Re: Linear algebra & fields problems

Posted: Tue Nov 08, 2011 10:18 am
by yoyobarn
Hi,
I thought (A-I)^2 = 0 is not satisfied?

the result of (A-I)^2 I got is
(0 | 0 | 0
0 | 1. | 0
0 | 0 | 0.25)

Re: Linear algebra & fields problems

Posted: Tue Nov 08, 2011 12:39 pm
by rahulshr
yoyobarn wrote:Hi,
I thought (A-I)^2 = 0 is not satisfied?

the result of (A-I)^2 I got is
(0 | 0 | 0
0 | 1. | 0
0 | 0 | 0.25)
my bad - I miscalculated (A-I)^2 as det((A-I)^2)

but, still - what is wrong with the approach - forming the characteristic equation and 'guessing' trace and determinant from there.

Re: Linear algebra & fields problems

Posted: Tue Nov 08, 2011 12:42 pm
by rahulshr
I think got my mistake..
because characteristic polynomial satisfies det(A-kI) = 0...and not (A-I)^2 is something different.

Re: Linear algebra & fields problems

Posted: Tue Nov 08, 2011 1:59 pm
by owlpride
Be careful to distinguish between the characteristic and the minimal polynomial. If (A - I)^2 = 0, then the minimal polynomial of A is either (x-1) or (x-1)^2, but its characteristic polynomial could be (x-1)^100. The Jordan Normal Form captures precisely this difference between the minimal and the characteristic polynomial.
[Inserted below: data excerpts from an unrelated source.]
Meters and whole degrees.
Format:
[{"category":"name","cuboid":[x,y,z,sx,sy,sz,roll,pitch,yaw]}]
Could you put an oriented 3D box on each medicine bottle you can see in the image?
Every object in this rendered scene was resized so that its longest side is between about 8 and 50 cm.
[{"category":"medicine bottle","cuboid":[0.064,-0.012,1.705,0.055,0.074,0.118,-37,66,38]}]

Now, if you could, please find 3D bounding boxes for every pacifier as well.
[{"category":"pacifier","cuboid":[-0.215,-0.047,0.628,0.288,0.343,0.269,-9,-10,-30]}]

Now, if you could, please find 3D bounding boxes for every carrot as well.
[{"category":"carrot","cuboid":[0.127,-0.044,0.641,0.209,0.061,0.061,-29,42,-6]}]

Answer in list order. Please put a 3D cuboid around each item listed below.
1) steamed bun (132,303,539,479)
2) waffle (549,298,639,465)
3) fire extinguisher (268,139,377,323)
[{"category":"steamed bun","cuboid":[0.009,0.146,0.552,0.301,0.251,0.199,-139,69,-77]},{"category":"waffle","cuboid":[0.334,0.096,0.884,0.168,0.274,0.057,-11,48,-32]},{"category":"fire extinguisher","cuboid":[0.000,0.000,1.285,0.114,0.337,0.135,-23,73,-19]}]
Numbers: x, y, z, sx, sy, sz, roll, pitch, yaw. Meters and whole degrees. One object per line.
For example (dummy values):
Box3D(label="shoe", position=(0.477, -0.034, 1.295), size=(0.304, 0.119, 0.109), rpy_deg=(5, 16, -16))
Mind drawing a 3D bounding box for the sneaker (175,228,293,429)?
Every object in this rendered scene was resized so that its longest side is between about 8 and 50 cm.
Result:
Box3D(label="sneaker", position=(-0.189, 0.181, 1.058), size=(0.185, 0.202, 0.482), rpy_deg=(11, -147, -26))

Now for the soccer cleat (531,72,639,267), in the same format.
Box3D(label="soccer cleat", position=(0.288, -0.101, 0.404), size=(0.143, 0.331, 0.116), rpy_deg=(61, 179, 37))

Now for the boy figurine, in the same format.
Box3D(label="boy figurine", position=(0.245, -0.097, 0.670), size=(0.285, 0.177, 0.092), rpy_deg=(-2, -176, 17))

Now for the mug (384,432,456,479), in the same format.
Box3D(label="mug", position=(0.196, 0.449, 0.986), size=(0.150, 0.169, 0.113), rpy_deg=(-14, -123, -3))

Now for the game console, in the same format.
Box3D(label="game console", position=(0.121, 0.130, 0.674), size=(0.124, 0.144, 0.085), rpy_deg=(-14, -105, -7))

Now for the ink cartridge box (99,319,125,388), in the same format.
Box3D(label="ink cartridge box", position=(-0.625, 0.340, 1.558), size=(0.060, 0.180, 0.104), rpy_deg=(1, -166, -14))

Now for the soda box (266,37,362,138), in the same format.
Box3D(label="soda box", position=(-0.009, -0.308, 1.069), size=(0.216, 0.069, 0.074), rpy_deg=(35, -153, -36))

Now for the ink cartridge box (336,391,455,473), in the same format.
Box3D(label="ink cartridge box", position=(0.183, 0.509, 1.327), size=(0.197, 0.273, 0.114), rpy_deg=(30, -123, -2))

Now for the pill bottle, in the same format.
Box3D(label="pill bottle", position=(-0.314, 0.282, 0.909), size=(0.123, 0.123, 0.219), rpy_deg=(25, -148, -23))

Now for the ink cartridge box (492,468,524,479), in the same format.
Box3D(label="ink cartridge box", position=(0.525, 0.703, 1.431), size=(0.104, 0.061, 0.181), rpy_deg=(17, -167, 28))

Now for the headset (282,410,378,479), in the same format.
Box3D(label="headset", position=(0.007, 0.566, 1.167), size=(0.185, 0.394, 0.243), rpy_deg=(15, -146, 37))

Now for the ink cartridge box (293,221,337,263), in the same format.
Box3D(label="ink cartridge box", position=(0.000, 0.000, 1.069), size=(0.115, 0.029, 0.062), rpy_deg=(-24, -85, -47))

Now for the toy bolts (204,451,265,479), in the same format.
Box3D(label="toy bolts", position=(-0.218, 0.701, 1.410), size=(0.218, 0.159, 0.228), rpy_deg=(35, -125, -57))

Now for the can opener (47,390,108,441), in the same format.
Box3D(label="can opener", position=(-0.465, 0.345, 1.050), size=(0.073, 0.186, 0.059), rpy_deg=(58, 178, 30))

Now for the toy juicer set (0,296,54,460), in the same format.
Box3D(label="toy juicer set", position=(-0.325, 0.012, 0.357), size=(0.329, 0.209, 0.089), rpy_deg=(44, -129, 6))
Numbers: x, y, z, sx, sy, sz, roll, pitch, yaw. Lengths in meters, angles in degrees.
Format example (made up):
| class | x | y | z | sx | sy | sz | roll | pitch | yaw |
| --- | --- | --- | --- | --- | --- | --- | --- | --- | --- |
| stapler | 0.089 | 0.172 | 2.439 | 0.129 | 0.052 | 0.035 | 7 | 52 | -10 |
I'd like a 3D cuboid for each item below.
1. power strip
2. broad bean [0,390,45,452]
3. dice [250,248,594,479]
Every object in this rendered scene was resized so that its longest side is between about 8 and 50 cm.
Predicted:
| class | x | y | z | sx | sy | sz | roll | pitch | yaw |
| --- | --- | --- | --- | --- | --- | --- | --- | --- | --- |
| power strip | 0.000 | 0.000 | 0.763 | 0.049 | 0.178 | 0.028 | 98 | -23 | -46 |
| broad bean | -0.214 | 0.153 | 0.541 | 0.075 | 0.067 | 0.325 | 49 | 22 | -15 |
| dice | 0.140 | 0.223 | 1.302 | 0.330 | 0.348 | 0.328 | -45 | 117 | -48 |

Re: Linear algebra & fields problems

Posted: Thu Apr 12, 2012 2:11 pm
by jstanczyk
Although the jordan form is useful, it is not necessary for this problem. It does give a quick answer, but I would like to note that the problem has a quick solution even without it.

If (A-I)^2=0 then we have A^2-2A+I=0. Since the right side is the zero matrix, it will map every x to zero. Every eigenvalue h must have a non-zero eigenvector x. Apply x to both sides of the last equation and you have:

h^2x -2hx+x=(h^2-2h+1)x=0. Since x is not zero h must satisfy (h^2-2h+1)=0 meaning h must be 1. Therefore all eigenvalues are equal to 1. That, of course, tells you that 2 and 3 must be true.